If you want to chip in to this effort, please visit https://gofund.me/80915ea2 which will go to furthering our land and culture conservation efforts. thank you ****)For the past 5.5 years, a John’s Island community-led initiative has been working to secure 26+ acres in the center of Maybank Highway.

This effort is in cooperation with many local groups, but the preservation of farmland extends past just this 26 acres into John’s Island’s local farms, protecting an additional 200 acres.

  • Joseph Fields of Fields Farm
  • Sidi Limehouse of Rosebank Farms
  • Vernon Smith of Vernon Smith Farms
  • Kenneth Milton of Lowland Farms
  • Anthony of Fire Ant Farms

This multicultural multigenerational collaboration is to ensure the true heart and soul of John’s Island is represented by and for its citizens in the corridor which has been rapidly developing in the hands of the City of Charleston. In the last 10 years, the City has put 80% of its new housing on John’s Island. AND NOW Mayor Tecklenburg himself is unwelcomely taking over this project when the community reached out for a letter of support.
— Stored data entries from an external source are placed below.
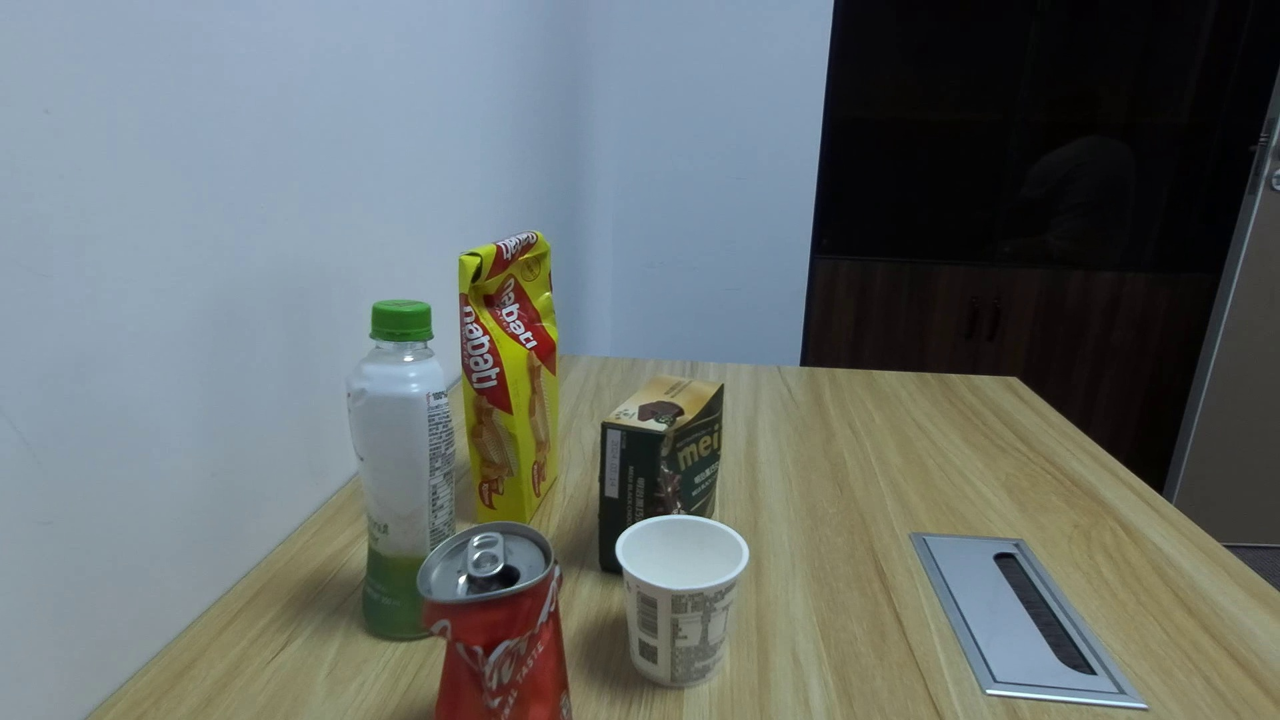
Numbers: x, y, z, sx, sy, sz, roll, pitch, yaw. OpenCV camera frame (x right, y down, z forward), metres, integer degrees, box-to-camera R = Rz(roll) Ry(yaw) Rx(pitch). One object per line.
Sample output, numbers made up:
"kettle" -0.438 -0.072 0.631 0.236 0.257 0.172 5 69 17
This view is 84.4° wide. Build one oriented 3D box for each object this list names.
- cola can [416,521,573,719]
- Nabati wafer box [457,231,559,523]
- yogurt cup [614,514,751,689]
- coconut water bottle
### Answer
"cola can" -0.066 0.137 0.332 0.065 0.112 0.069 13 27 24
"Nabati wafer box" -0.094 0.013 0.530 0.042 0.205 0.113 3 19 9
"yogurt cup" 0.022 0.131 0.384 0.072 0.068 0.072 1 18 0
"coconut water bottle" -0.132 0.061 0.402 0.069 0.187 0.069 0 15 0

Upon receiving the request for the letter of support, Mr. Tecklenberg went to view the pond property (26 acres), and decided that it would be more advantageous to him if the city applied for the property acquisition, which to his advantage includes annexation of the property into the city.

CIRCA 1111’s plan has been to create a park, community facilities, historic preservation, tributes to local heroes, education, as well as a farm co-op market so that locally grown food is available in a highly visible central location. The park is the heart of ensuring that people stay connected to the land and children grow up experiencing the outdoors through affiliate nature programs on site. The service of community facilities is to give the public access to water back to the community, allowing space to fish, cook, and commune together in a multicultural atmosphere. The embodiment of the project is to the monument and educate about our native local civil rights heroes, Gullah and migrant farming heroes, and Indigenous heroes, so that true John’s Island history is not forgotten and becomes part of the narrative of those who live here. The soul of the project is the co-op market. Meeting the essential service of food production is the grit and glory that our local farmers have earned and that John’s Island is famous for. Making this food central to citizens preserves land, a way of life and nourishes the bodies of its citizens.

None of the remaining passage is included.